Your test seems to indicate that you have some buried anger," said the counselor to his client. "Do you think this could be true?" he asked.

"Me! Angry? Certainly not," replied the client. "I'll punch you in the nose for
saying that!"

When it comes to anger we all have a tiger of sorts within. At times it provides great courage and motivation. It causes some of us to lash out and hurt others. At other times we are so afraid it will get out of control we bury it so that nobody, including ourselves, will ever know it exists.

Many of us were taught that anger is bad and to show it is immature. The mature person, however, doesn't deny his anger. He has learned to express it in appropriate ways.

Even though some people never show their anger, everybody gets angry sometimes. Anger is a God-given emotion. Of itself it is neither good nor bad, right nor wrong. It's what we do with it and how we handle it that counts.

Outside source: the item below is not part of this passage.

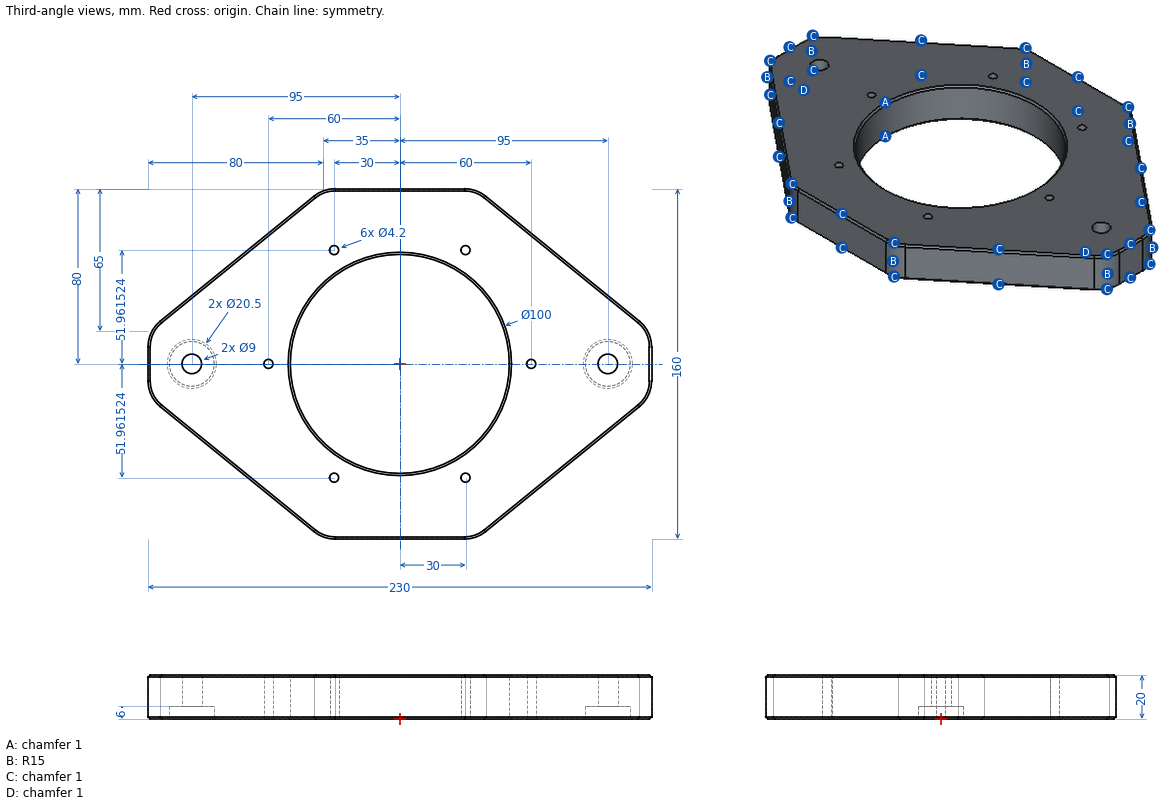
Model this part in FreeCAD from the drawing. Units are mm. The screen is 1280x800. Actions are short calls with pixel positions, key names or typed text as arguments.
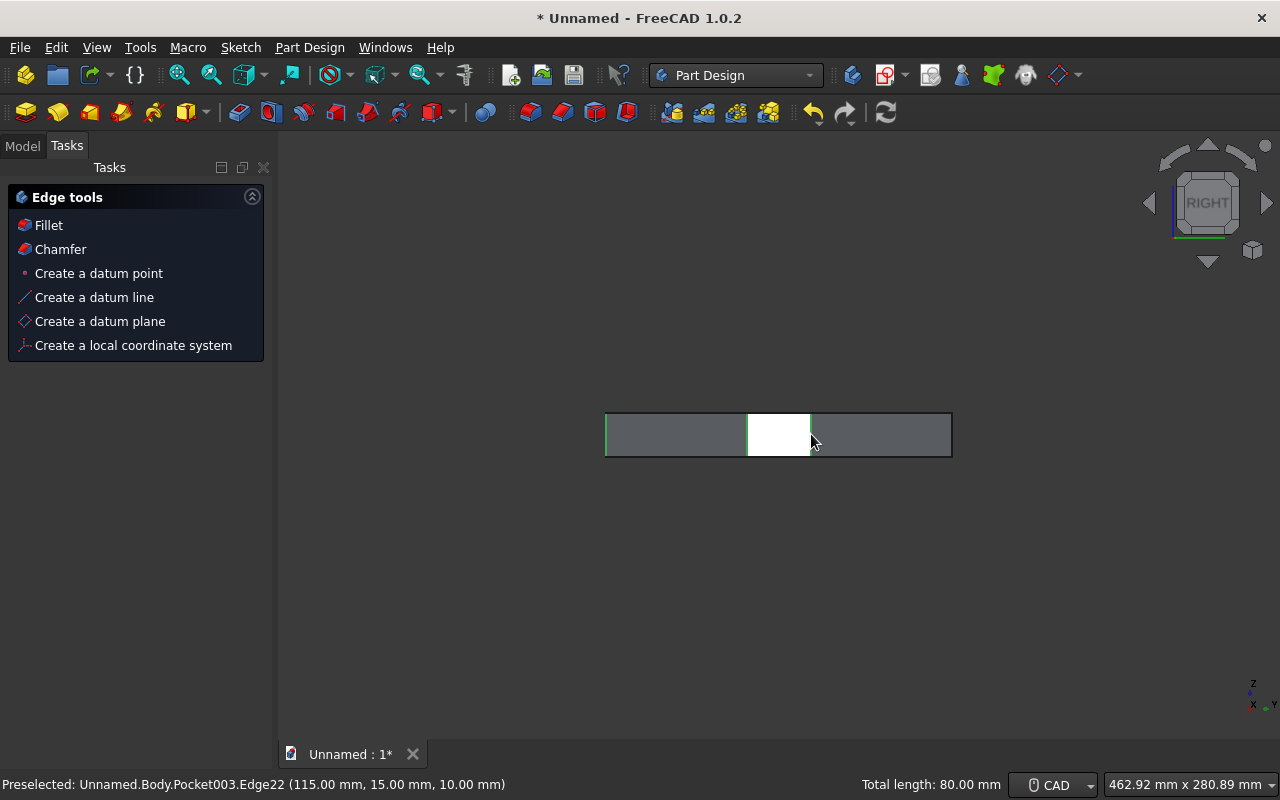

In fact, there are many things we ought to be angry about, such as social
injustice, child abuse, greed, and even legalistic religion that makes rules
more important than people and keeps people in needless bondage.

Jesus was very angry with the religious people of his day for this very reason. When he healed a man on the Sabbath, the Pharisees were so furious they plotted to kill him. To them, religious observances were more important than the needs of people. We read that Jesus "looked around at them in anger...distressed at their stubborn hearts." - Mark 3:5 (NIV).

Think too of Florence Nightingale. She was very angry about the terrible
conditions suffered by wounded soldiers in the Crimean War. She used her anger creatively to bring about major changes in nursing care. This is a creative and healthy use of anger.